Proposed Review Structure (TBD)
- Technical review by engineering team
- Security review by IT/compliance
- Final approval by project sponsors
Open Questions for Stakeholders
- Who are the key stakeholders for approval?
- What are the approval criteria?
- What documentation is required for each review?
- What is the timeline for reviews?
Context from Planning Discussions
IT Team Constraints: IT team will likely lack bandwidth to implement custom infrastructure solutions. StarryNight must provide a predefined AWS configuration that IT teams can approve with a simple "yes/no" decision, rather than requiring custom backend development.

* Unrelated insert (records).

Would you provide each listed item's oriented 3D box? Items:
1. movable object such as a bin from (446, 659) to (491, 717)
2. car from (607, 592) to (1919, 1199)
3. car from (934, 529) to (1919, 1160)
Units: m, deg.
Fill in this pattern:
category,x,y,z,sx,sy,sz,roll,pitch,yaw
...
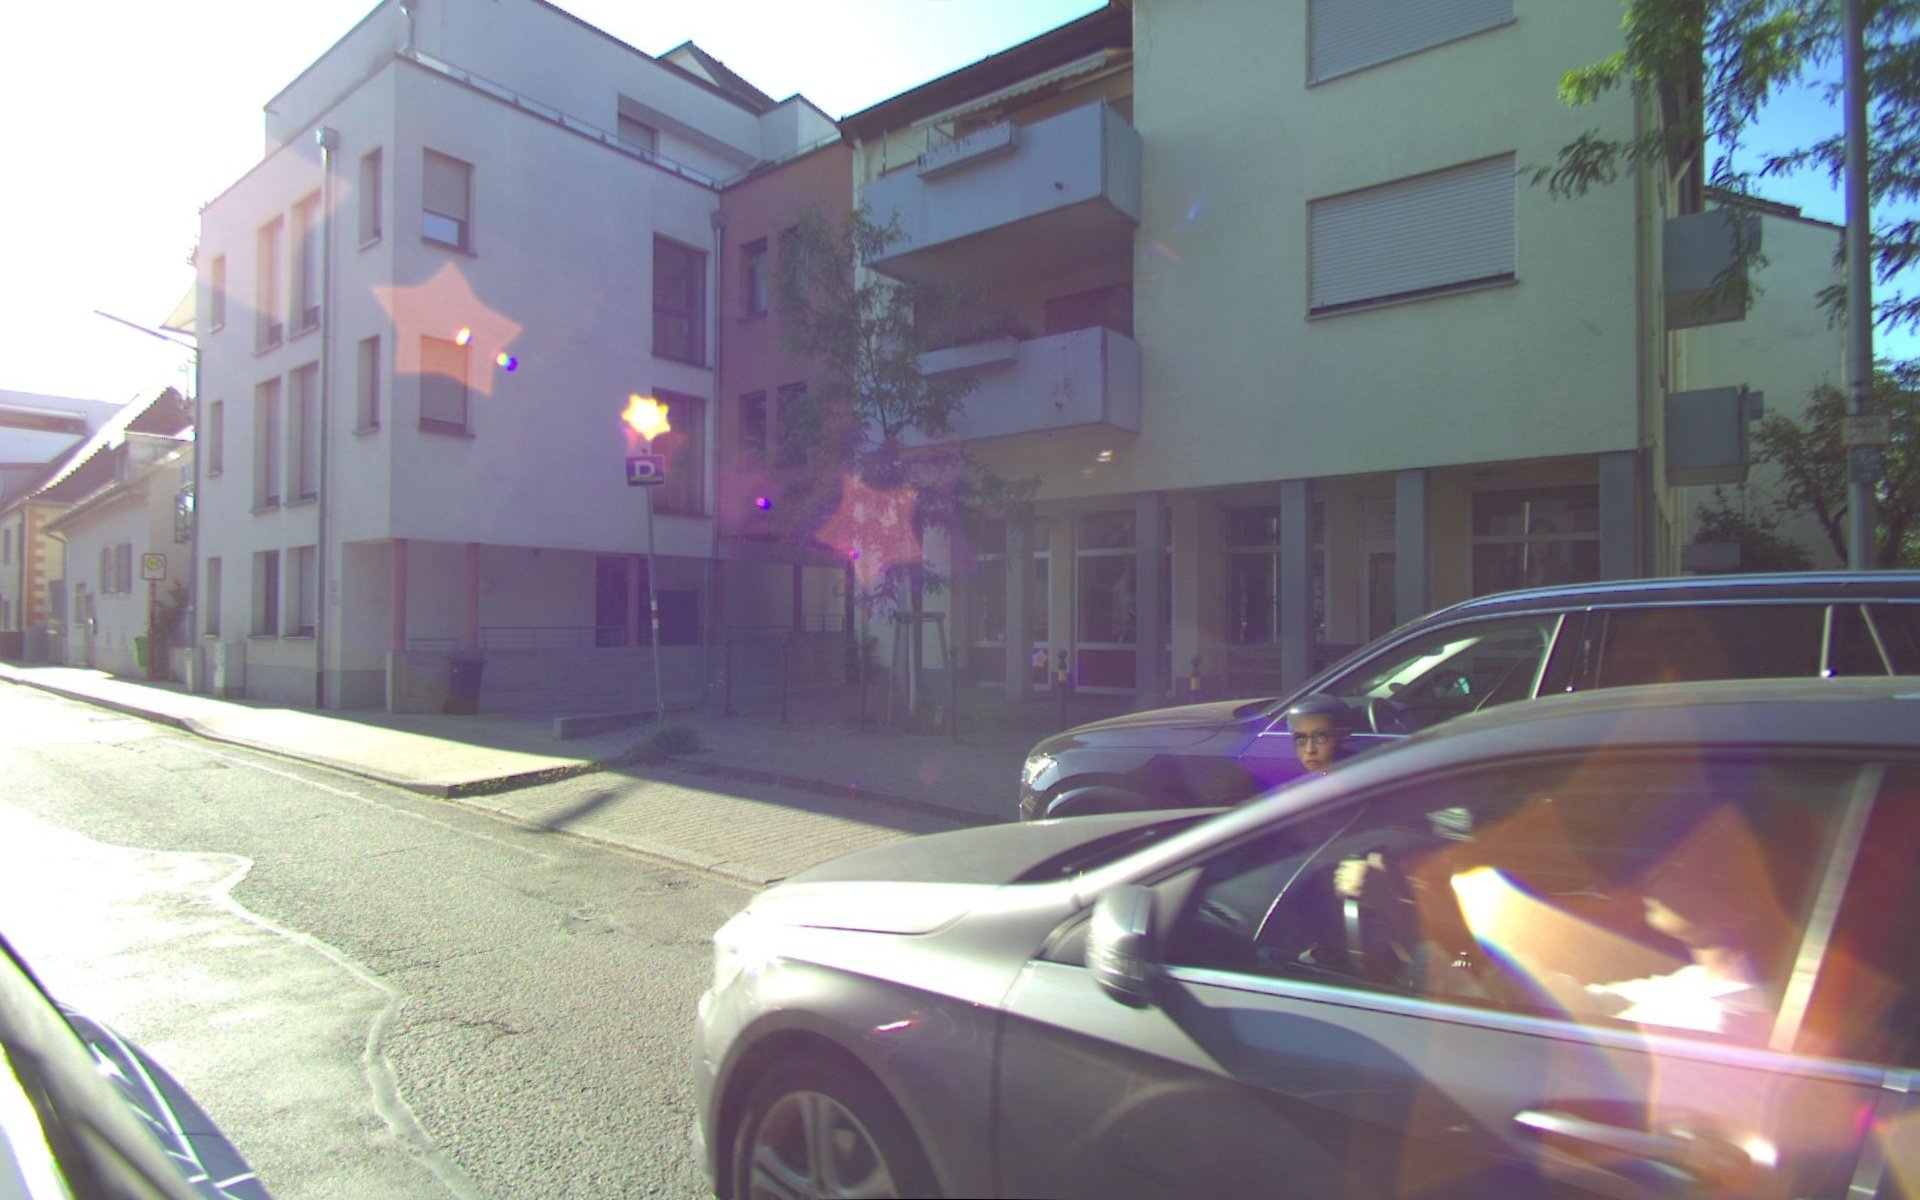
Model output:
category,x,y,z,sx,sy,sz,roll,pitch,yaw
movable object such as a bin,-7.702,1.371,15.872,0.433,0.882,0.485,-1,-2,37
car,1.365,0.751,1.589,3.995,1.478,1.789,-1,-2,39
car,2.432,0.658,4.162,5.098,1.718,1.912,-1,1,41

AWS Batch Experience Gap: The team has no hands-on experience with AWS Batch for scientific workloads. The 8-week timeline is based on theoretical assumptions rather than practical knowledge, creating significant unknown risks.
Pulumi Cost Scaling Uncertainty: Unclear how Pulumi pricing scales with infrastructure complexity (10 vs 1000 compute instances). Monthly costs could exceed projections if Pulumi charges per AWS resource rather than per managed service.
Always-On Coordinator Requirements: StarryNight needs a persistent coordinator node for job submission and state management. Requires dedicated EC2 instance running 24/7; this may introduce infrastructure complexity.
Custom Container Maintenance: Cannot use official CellProfiler containers due to need for custom telemetry and error handling wrappers. StarryNight must maintain its own CellProfiler builds, requiring automated CI/CD pipeline and coordination with CellProfiler releases.
CellProfiler Integration Complexity: CellProfiler doesn't behave like standard command-line tools - unreliable exit codes and inconsistent error reporting in containers. Standard containerization approaches may fail; requires custom error detection and handling mechanisms.
Bottom Line: While the roadmap provides a structured 8-week plan, several critical unknowns could significantly impact timeline and complexity. Early proof-of-concept testing is essential before committing to full deployment.